§ Required action: Your task is to write out exactly the lines of the listing below, from the first down to the line that holds "10. rack shelf (926,416,1002,464)".

━━━ Data for the task ━━━

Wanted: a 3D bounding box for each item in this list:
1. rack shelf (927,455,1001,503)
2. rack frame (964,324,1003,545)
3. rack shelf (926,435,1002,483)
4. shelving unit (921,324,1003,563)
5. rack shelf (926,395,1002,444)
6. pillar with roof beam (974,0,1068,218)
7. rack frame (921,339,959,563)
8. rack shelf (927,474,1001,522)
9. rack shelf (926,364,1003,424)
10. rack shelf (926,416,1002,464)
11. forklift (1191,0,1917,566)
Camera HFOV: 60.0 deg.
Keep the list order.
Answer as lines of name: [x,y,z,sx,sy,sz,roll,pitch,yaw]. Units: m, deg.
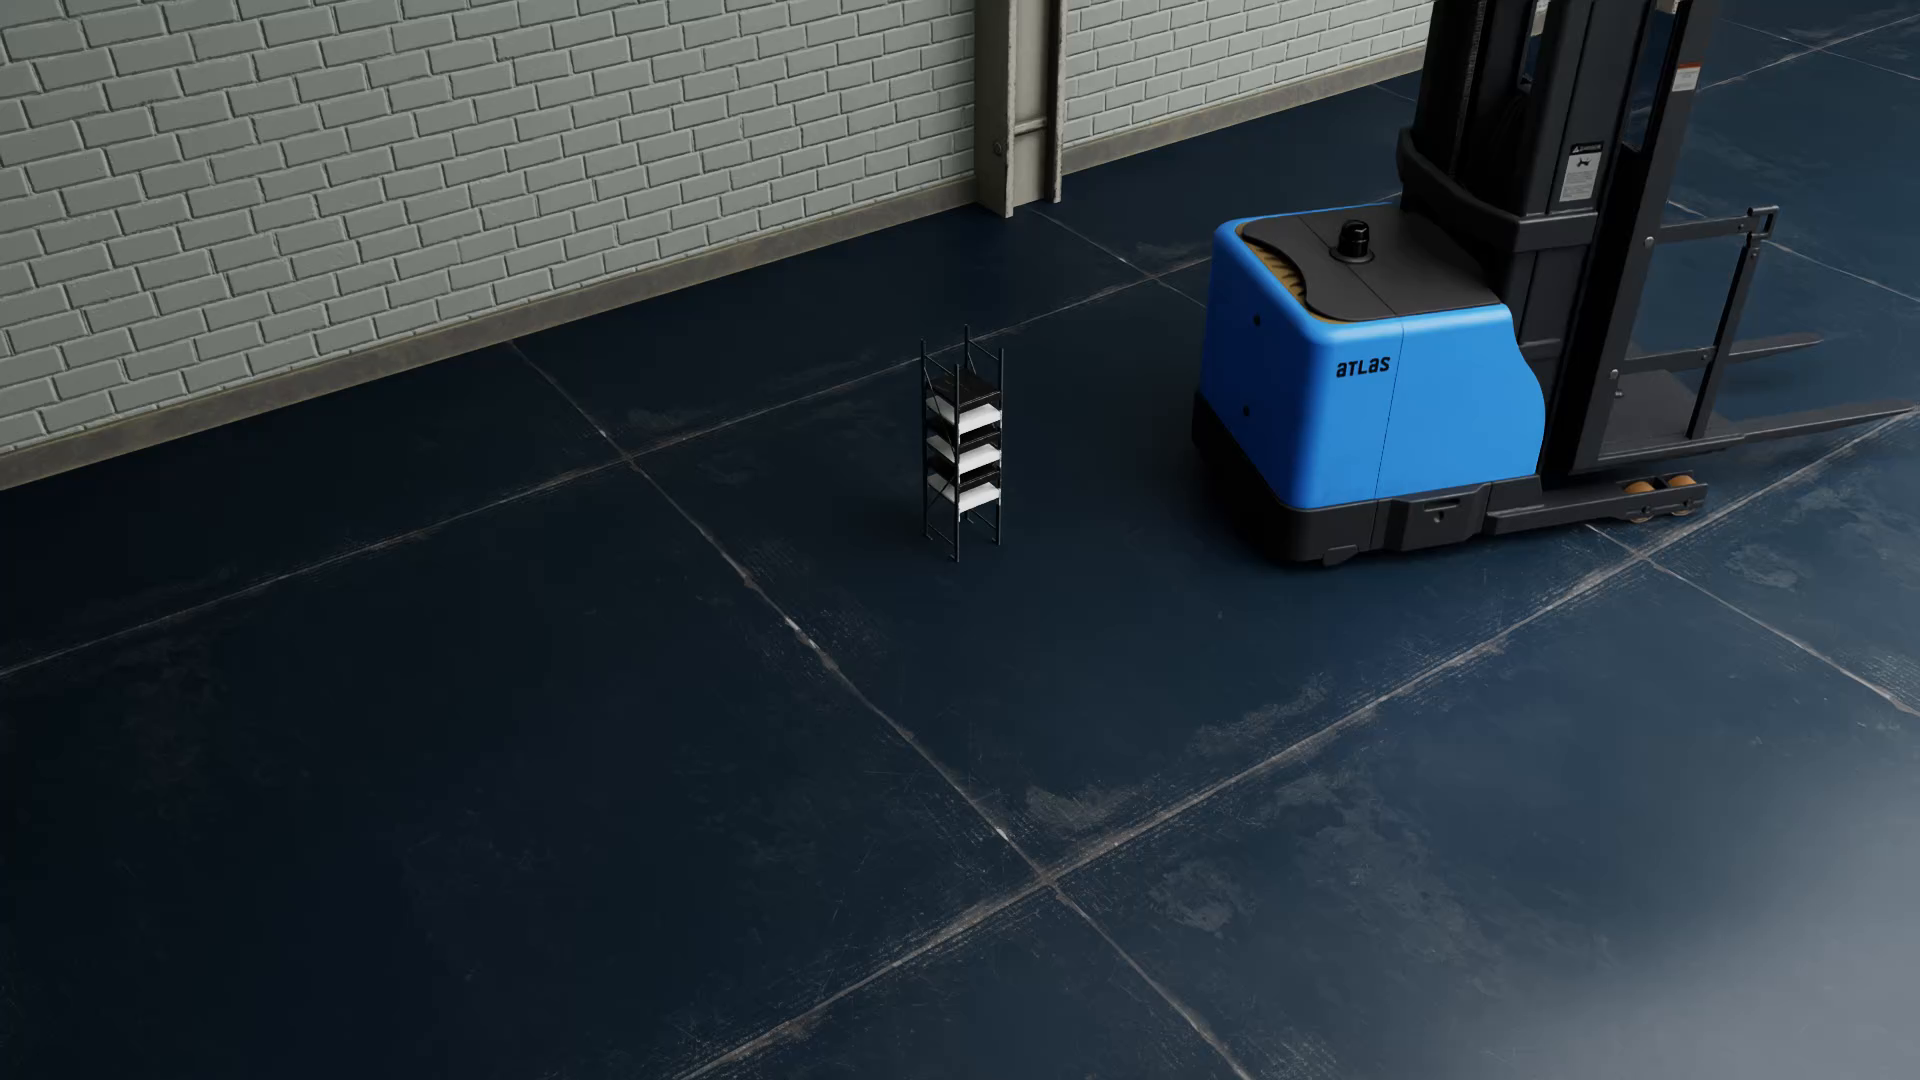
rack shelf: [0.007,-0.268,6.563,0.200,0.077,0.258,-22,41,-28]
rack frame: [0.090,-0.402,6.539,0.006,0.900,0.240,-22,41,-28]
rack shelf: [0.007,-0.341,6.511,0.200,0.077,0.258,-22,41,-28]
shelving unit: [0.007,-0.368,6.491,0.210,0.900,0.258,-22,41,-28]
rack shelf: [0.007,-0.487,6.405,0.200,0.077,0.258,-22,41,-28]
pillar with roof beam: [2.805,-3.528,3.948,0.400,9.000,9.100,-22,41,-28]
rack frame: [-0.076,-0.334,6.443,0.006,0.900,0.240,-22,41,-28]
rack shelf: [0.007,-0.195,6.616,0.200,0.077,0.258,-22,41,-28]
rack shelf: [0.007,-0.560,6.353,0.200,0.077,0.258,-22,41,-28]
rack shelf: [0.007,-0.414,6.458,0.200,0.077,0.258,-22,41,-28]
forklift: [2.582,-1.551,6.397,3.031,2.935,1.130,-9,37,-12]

━━━

§ Solution for this task:
Wanted: a 3D bounding box for each item in this list:
1. rack shelf (927,455,1001,503)
2. rack frame (964,324,1003,545)
3. rack shelf (926,435,1002,483)
4. shelving unit (921,324,1003,563)
5. rack shelf (926,395,1002,444)
6. pillar with roof beam (974,0,1068,218)
7. rack frame (921,339,959,563)
8. rack shelf (927,474,1001,522)
9. rack shelf (926,364,1003,424)
10. rack shelf (926,416,1002,464)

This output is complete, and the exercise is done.